Выбрать главу

«Вот так, Григорий Александрович! Ничего хорошего, кроме плохого, мой атеизм мне не дал и, конечно, не даст, — мы с ним душевно несовместимы. И верить в бога — тоже не могу. Пушкин был велик:

Тьмы низких истин нам дороже Нас возвышающий обман…

А Тютчев гениален:

Он жаждет веры, но о ней… не просит.

Он за сто с лишним лет предвидел появление подобных мне людей, а их очень много, куда больше, чем твердых атеистов и идеалистов. Они только боятся об этом говорить даже наедине с собой».

Так заканчивается это потрясающее письмо, а дальше — почтовый индекс и подробнейший адрес и собственноручная подпись человека с русским именем и фамилией. В открытую! Пусть человек ошибся в лабиринте сложнейших философских проблем: непостижимость бога и непостижимость абсолютной истины, неизменность установленных богом законов и неизменность законов природы, — но он задумался и заговорил об этих проблемах, перешагнув через выстроганную жердь голого догмата, что «бога нет».

Хочется верить и будем верить, что этот, видимо, недюжинный по сути своей человек, заблудившийся в дебрях отвлеченной философии, со временем сам или при помощи хороших и умных друзей сумеет найти в себе силы, чтобы разорвать круг проблем и противоречий, затемнивших его видение мира, а пока из всего этого клубка проблем я возьму, пожалуй, самую главную и центральную — проблему оптимизма и пессимизма.

Подводя итоги своим поискам и размышлениям, он приходит к выводу, что «идеализм и религия человечнее материализма и атеизма, независимо от того, что эти последние объективно истинны», что «религия, вернее даже, не религия, а просто вера в высшее существо, высший разум, к которому разум человеческий может, при выполнении определенных условий, приобщиться, — не в пример оптимистичнее неверия, о том, что искренне верующему человеку несравнимо легче живется на этом свете, — и говорить нечего».

Вот и обнажается еще раз на живом, конкретном и кровоточащем примере подлинная сущность религии, как идеологии человеческой беспомощности. Я не знаю жизненной истории этого человека, но ясно одно: человек устал, изнемог и надломился в напряженной внутренней работе, в плохо увязываемых друг с другом обстоятельствах и противоречиях жизни и мысли, мысли и жизни, и сдал. Одни в этих случаях уходят в водку, или, по ленинскому выражению, в сивуху, другие — в разгул и преступления, а этот — в веру в «высшее существо», в «вечный мировой разум». Кому что с руки.

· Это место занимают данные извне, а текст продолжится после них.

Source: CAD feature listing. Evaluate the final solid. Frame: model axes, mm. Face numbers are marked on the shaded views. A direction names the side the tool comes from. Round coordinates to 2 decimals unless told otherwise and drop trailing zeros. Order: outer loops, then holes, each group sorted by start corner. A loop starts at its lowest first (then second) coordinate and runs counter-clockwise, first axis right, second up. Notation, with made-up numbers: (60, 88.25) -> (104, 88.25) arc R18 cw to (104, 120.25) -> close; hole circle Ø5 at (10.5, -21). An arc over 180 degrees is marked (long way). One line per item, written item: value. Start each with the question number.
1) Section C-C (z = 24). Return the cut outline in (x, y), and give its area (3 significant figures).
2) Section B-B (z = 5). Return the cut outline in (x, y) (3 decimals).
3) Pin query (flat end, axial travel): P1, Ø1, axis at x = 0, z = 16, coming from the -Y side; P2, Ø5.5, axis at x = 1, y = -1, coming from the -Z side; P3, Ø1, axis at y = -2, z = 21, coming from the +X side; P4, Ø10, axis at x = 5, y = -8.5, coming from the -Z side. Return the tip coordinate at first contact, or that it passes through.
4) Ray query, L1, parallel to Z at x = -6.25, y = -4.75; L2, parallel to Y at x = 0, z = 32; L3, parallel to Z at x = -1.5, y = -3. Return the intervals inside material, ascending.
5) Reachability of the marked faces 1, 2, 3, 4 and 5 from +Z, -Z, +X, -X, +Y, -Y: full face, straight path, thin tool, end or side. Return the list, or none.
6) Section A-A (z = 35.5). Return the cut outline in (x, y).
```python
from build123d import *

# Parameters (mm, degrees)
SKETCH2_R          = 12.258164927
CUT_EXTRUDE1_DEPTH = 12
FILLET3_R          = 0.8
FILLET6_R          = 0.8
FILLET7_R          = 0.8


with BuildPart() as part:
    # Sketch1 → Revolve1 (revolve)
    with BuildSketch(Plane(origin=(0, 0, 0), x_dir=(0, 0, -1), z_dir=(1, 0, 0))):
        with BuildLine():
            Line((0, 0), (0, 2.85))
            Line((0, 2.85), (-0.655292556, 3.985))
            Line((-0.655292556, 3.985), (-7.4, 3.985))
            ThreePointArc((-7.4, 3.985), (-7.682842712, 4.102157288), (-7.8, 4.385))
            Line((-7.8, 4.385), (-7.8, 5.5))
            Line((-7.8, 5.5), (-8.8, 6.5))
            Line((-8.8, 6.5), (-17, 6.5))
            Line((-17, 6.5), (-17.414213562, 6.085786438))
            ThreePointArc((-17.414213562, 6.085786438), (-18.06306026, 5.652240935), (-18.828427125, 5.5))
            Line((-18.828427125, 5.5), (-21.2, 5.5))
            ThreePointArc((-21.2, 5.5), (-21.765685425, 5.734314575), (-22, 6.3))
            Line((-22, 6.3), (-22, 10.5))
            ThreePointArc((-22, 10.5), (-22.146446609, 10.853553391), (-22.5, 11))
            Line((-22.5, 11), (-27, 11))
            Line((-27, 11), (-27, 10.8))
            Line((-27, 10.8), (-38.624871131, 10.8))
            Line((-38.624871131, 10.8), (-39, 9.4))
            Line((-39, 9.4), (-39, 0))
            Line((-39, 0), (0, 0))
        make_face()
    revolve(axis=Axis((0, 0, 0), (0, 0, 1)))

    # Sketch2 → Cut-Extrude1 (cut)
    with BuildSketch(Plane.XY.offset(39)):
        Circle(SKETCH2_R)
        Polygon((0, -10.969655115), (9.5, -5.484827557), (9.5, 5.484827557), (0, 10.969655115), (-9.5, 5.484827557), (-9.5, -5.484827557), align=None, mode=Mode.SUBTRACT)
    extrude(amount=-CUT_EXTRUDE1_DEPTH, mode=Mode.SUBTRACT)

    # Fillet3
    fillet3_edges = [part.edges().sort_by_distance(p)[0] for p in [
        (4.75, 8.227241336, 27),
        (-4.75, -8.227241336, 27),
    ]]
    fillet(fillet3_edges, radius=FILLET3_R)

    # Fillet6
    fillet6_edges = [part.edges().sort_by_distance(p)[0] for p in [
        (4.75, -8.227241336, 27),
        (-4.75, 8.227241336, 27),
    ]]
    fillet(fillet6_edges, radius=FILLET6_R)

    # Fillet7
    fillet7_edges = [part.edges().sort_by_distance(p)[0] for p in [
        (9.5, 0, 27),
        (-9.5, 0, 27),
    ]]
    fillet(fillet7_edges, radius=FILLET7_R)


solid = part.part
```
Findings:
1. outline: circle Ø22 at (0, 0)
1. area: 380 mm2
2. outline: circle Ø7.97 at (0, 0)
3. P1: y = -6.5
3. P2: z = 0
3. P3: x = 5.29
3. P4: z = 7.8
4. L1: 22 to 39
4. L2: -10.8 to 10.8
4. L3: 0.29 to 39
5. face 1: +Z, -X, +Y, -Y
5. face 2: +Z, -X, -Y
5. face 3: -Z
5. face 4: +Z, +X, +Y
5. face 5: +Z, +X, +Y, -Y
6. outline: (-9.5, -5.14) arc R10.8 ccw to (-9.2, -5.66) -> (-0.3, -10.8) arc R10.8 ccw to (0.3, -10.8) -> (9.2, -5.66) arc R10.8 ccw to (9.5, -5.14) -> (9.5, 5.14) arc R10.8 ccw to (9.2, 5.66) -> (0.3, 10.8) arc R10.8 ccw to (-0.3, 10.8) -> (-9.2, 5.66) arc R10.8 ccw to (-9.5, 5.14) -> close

«Я не вижу для человека ничего унизительного в сознании, что его разум, его душа является частицей вечного разума, вечного существа — существования».

Как же это так получается, дорогой друг и товарищ?

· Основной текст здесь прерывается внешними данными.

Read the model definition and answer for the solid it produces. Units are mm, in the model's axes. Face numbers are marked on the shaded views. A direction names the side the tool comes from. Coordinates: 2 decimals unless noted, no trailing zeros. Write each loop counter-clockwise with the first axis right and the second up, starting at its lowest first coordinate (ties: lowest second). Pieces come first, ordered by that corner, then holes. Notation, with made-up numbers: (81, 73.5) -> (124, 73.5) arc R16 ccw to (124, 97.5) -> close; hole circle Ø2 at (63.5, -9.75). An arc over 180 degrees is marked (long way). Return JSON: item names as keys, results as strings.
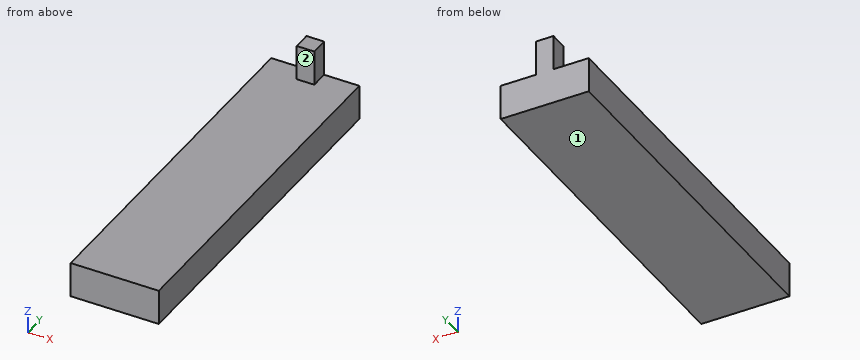
from build123d import *

# Parameters (mm, degrees)
BOSS_EXTRUDE1_DEPTH = 10
SKETCH1_3_W         = 5
SKETCH1_3_H         = 5
BOSS_EXTRUDE2_DEPTH = 20


with BuildPart() as part:
    # Sketch1 → Boss-Extrude1 (new body)
    with BuildSketch(Plane.XY):
        Polygon((-25, 0), (0, 0), (0, 102.5), (-10, 102.5), (-10, 97.5), (-15, 97.5), (-15, 102.5), (-25, 102.5), align=None)
    extrude(amount=BOSS_EXTRUDE1_DEPTH)

    # Sketch1<3> → Boss-Extrude2 (add)
    with BuildSketch(Plane.XY):
        with Locations((-12.5, 100)):
            Rectangle(SKETCH1_3_W, SKETCH1_3_H)
    extrude(amount=BOSS_EXTRUDE2_DEPTH)


solid = part.part
1. Consider L1, parallel to Z at x = -23.25, y = 19.5; L2, parallel to Y at x = -12.5, z = 15.75. Determine where each line is inside the solid, lowest interval first.
Taken from the geometry:
{"L1": "z = 0 to 10", "L2": "y = 97.5 to 102.5"}
2. Flat-ended cylindrical pins translate along their axes: pin 1 Ø4 at (y, z) = (100, 17.5) entering from -X; pin 2 Ø1.5 at (y, z) = (99.5, 12.5) entering from +X; pin 3 Ø12.5 at (x, y) = (-10, 42) entering from +Z; pin 4 Ø1 at (x, z) = (-19.5, 11.5) entering from -Y. Find the tip coordinate at first contact, or state that the pin passes through.
Taken from the geometry:
{"pin 1": "stops at x = -15", "pin 2": "stops at x = -10", "pin 3": "stops at z = 10", "pin 4": "passes through"}
3. A tool of negligible diameter and unlimited length cuts with its end or side. For the marked faces 1 and 2, from which of +Z, -Z, +X, -X, +Y, -Y can it reach the whole face along a straight path? Write none if from no direction.
Taken from the geometry:
{"face 1": "-Z, +X, -X, +Y, -Y", "face 2": "+Z, +X, -X, -Y"}
4. The part is cut by section B-B (x = -4). Determine the outline of the cut face in (y, z), then the cut area to 4 significant figures.
Taken from the geometry:
{"outline": "(0, 0) -> (102.5, 0) -> (102.5, 10) -> (0, 10) -> close", "area": "1,025 mm2"}
5. The part is cut by section A-A (y = 45). Determine the outline of the cut face in (x, z), then the cut area to 3 significant figures.
Taken from the geometry:
{"outline": "(-25, 0) -> (0, 0) -> (0, 10) -> (-25, 10) -> close", "area": "250 mm2"}

Ведь главный вопрос бытия — это: кто ты, человек?

Разумное существо, «гомо сапиенс», или отблеск неведомого вечного существа, растворенного в мире? Что унизительнее, что возвышеннее и что человечнее?

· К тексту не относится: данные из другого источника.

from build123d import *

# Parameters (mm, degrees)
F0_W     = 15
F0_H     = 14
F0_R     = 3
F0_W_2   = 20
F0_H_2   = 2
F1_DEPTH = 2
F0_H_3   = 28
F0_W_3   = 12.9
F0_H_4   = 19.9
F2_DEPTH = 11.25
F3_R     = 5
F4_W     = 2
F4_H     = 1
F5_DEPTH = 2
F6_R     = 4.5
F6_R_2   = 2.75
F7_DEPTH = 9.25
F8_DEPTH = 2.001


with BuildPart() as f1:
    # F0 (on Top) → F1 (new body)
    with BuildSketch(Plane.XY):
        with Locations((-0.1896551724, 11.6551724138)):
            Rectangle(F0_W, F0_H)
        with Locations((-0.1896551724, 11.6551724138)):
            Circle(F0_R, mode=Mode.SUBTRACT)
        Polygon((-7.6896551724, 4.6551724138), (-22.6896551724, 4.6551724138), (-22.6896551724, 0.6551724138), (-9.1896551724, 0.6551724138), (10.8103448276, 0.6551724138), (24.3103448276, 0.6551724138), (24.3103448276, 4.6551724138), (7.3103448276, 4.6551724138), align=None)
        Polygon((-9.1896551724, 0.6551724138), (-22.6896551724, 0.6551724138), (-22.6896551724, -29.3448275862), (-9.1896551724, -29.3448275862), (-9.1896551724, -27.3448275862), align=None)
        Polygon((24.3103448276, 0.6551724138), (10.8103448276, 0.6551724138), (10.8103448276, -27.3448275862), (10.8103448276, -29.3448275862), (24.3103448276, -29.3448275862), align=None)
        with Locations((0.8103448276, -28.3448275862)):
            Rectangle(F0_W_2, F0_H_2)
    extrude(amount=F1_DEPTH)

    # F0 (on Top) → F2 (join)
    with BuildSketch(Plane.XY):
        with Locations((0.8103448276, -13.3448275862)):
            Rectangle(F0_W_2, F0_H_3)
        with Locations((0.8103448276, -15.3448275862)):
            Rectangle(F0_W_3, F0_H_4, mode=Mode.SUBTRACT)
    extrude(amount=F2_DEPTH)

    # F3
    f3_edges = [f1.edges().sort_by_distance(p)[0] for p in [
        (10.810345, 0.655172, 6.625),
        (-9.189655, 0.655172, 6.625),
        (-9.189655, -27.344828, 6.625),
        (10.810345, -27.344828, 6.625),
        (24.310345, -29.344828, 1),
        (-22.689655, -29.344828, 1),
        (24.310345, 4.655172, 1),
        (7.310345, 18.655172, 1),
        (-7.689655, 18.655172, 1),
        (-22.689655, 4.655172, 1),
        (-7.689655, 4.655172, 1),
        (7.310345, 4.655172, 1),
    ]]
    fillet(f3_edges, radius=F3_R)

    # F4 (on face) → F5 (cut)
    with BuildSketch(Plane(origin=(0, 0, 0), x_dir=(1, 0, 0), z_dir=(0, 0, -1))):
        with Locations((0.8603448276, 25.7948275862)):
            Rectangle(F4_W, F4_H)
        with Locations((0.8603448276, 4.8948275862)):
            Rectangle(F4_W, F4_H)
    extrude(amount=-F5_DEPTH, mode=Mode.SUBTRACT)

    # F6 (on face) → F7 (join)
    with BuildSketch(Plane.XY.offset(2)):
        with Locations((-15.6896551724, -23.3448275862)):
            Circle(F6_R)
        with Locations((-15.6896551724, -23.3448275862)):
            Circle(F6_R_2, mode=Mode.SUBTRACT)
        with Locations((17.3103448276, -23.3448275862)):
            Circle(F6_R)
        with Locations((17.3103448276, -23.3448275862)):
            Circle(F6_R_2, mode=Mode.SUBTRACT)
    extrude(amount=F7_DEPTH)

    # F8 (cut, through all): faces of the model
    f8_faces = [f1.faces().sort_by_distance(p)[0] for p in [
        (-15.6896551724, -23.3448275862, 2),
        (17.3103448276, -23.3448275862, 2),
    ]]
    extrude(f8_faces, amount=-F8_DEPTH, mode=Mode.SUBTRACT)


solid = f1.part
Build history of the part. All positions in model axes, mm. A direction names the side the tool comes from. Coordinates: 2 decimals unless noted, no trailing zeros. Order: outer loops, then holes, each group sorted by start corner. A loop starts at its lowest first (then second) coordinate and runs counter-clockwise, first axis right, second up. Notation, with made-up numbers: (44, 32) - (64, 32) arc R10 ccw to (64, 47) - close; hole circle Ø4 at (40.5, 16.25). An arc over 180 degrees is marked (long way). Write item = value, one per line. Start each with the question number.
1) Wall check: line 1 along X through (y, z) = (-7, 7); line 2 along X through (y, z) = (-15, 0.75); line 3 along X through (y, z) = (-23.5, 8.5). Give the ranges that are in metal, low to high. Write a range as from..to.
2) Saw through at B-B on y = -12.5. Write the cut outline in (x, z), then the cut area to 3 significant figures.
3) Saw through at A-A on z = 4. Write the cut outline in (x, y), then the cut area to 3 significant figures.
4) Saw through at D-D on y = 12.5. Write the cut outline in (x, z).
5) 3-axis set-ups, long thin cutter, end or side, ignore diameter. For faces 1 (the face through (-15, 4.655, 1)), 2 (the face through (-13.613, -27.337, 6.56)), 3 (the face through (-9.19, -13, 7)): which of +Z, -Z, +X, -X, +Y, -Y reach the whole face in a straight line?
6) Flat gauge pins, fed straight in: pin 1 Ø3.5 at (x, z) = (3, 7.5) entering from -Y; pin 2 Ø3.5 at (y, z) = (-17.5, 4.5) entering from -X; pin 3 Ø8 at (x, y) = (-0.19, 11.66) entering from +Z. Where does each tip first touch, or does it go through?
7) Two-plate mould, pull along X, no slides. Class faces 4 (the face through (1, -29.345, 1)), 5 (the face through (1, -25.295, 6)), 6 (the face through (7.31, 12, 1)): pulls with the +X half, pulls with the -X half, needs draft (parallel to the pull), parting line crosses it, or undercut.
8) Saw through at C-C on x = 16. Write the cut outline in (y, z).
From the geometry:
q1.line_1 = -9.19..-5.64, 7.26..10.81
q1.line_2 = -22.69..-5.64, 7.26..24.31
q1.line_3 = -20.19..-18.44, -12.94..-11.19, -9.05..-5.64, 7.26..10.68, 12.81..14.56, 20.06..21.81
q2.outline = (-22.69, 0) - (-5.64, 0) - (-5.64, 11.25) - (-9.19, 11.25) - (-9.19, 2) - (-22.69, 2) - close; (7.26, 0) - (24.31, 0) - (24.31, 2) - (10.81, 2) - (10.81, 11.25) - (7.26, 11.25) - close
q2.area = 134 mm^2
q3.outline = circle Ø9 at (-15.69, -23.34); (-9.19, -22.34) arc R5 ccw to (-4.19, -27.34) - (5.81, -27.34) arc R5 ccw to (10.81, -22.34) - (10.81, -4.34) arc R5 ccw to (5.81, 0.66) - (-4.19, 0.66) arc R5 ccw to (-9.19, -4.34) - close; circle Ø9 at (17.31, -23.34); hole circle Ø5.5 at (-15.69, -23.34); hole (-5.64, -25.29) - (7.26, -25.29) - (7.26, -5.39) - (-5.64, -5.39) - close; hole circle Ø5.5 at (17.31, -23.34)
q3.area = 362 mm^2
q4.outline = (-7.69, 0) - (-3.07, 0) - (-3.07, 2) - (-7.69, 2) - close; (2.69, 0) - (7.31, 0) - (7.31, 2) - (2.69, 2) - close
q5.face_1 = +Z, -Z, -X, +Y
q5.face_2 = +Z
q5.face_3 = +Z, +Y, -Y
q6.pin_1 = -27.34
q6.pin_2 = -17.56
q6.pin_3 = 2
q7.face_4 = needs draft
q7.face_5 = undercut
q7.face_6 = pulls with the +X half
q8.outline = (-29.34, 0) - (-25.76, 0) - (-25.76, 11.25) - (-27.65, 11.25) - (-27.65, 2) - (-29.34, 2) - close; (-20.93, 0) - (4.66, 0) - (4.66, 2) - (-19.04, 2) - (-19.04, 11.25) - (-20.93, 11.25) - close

Но что значит — «человечнее»?

Да, возможно, верующему человеку в каком-то смысле и легче живется на свете. Господи, помилуй, господи, помилуй, подай, господи. Мольба слабых, ослабевших, обессиленных, согласных и идущих на унижение.

А атеизм — да, это тяжесть, тяжесть мысли и тяжесть жизни. Это — мировоззрение и жизненная позиция сильных, не сдающихся и верящих — да, по-своему верящих — в человеческие силы и торжество светлых начал жизни. Пассивная и активная (нравственно активная) жизненная позиция — вот в чем их суть. И в чем разница.

Да, но как и почему у нас все это получилось? Как понять и как осмыслить? Вот какие проблемы перед нами стоят, если по существу, по-настоящему.

Вот в чем главный вопрос и его глубина.

А закончить эту сложную и такую трудную главу мне хочется словами, сказанными столетие тому назад Иосифом Диогеном, современником Маркса и одним из его популяризаторов и пропагандистов, особенно занимавшимся вопросами философии, морали и религии.

«Для наших противников мы — «материалисты», то есть люди без идеального размаха, тупо преклоняющиеся перед тем, что можно съесть и выпить. Чтобы представить нас в жалком виде, они суживают и опошляют самое понятие материализма. Этому мы противопоставляем свою нравственную правду — идею или идеал, облеченный плотью или стремящийся воплотиться в жизнь. Где, на небе и на земле, вы найдете еще такой истинно разумный, моральный и возвышенный идеал, как идея международной демократии? В ней слова о христианской любви должны воплотиться в материальные формы».

…«Материальные формы» — вот что решает.